Researchers Discover Shared Genetic Basis for Cannabis Use and Psychiatric Disorders

Stress Psychiatric Disorder

A study from the University of Oslo has discovered a shared genetic basis for cannabis use and psychiatric disorders such as schizophrenia and bipolar disorder, suggesting that a subset of the population might have a higher genetic risk for both. This discovery could have significant clinical implications, such as informing personalized preventive measures, targeted treatments, and more specialized patient stratification.

A recent study published in the journal Lancet Psychiatry, led by the University of Oslo, unveils a shared genetic basis for cannabis use and psychiatric disorders including schizophrenia and bipolar disorder. The research suggests that a specific group of people could be genetically predisposed to a heightened risk of both indulging in cannabis and developing psychiatric disorders.

The connection between cannabis use and psychiatric ailments has long been a contentious topic. Cannabis, being a psychoactive substance, can occasionally trigger symptoms resembling psychosis. Furthermore, the consumption rate of cannabis appears to be elevated among individuals suffering from disorders associated with psychosis, such as schizophrenia and bipolar disorder.

Genetic factors play an important role in determining an individual’s susceptibility to developing psychiatric disorders or their likelihood of using cannabis. Some of the genetic variants associated with cannabis use are also linked to psychiatric disorders.

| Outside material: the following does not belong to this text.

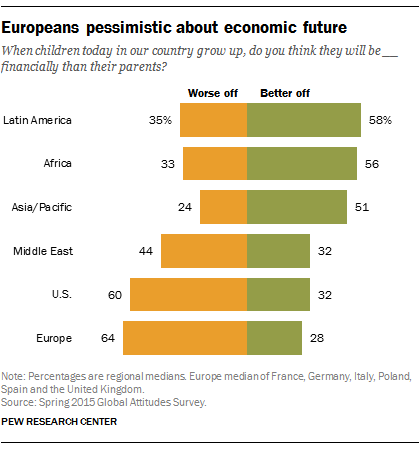Draw attention to some important aspects in this diagram. According to a recent survey, the percentage value of people who believe they are worse off in Latin America is 35%. This indicates a significant proportion of the population is struggling and in need of support and assistance. The median of green bars is greater than the smallest value of orange bars. 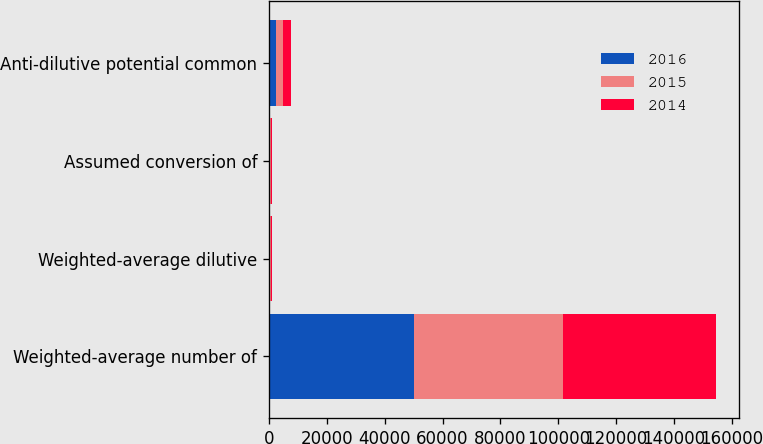Convert chart to OTSL. <chart><loc_0><loc_0><loc_500><loc_500><stacked_bar_chart><ecel><fcel>Weighted-average number of<fcel>Weighted-average dilutive<fcel>Assumed conversion of<fcel>Anti-dilutive potential common<nl><fcel>2016<fcel>50063<fcel>238<fcel>334<fcel>2443<nl><fcel>2015<fcel>51593<fcel>395<fcel>258<fcel>2563<nl><fcel>2014<fcel>53023<fcel>340<fcel>382<fcel>2574<nl></chart>

This recent study, led by Drs. Weiqiu Cheng and Nadine Parker, provides evidence that shared genetic factors underlie this relationship. “This study shows that there is a shared genetic basis underlying our susceptibility to both cannabis use and certain psychiatric disorders. These findings may indicate that a subset of the population is at high risk for both cannabis use and psychiatric disorders, based on their genetic propensity”, lead author Weiqiu Cheng says.

Using advanced statistical modeling, the study shows that the majority of shared variants increase the risk of both cannabis use and developing either schizophrenia or bipolar disorder. Still, there are some genetic variants with opposing effects, that increase the risk of cannabis use while decreasing the risk of the two psychiatric disorders, suggesting a complex relationship.

“These findings are important as they show that the complex links between cannabis use and these disorders may not only be caused by cannabis use itself but could also be driven by shared genetic susceptibility”, researcher Nadine Parker says.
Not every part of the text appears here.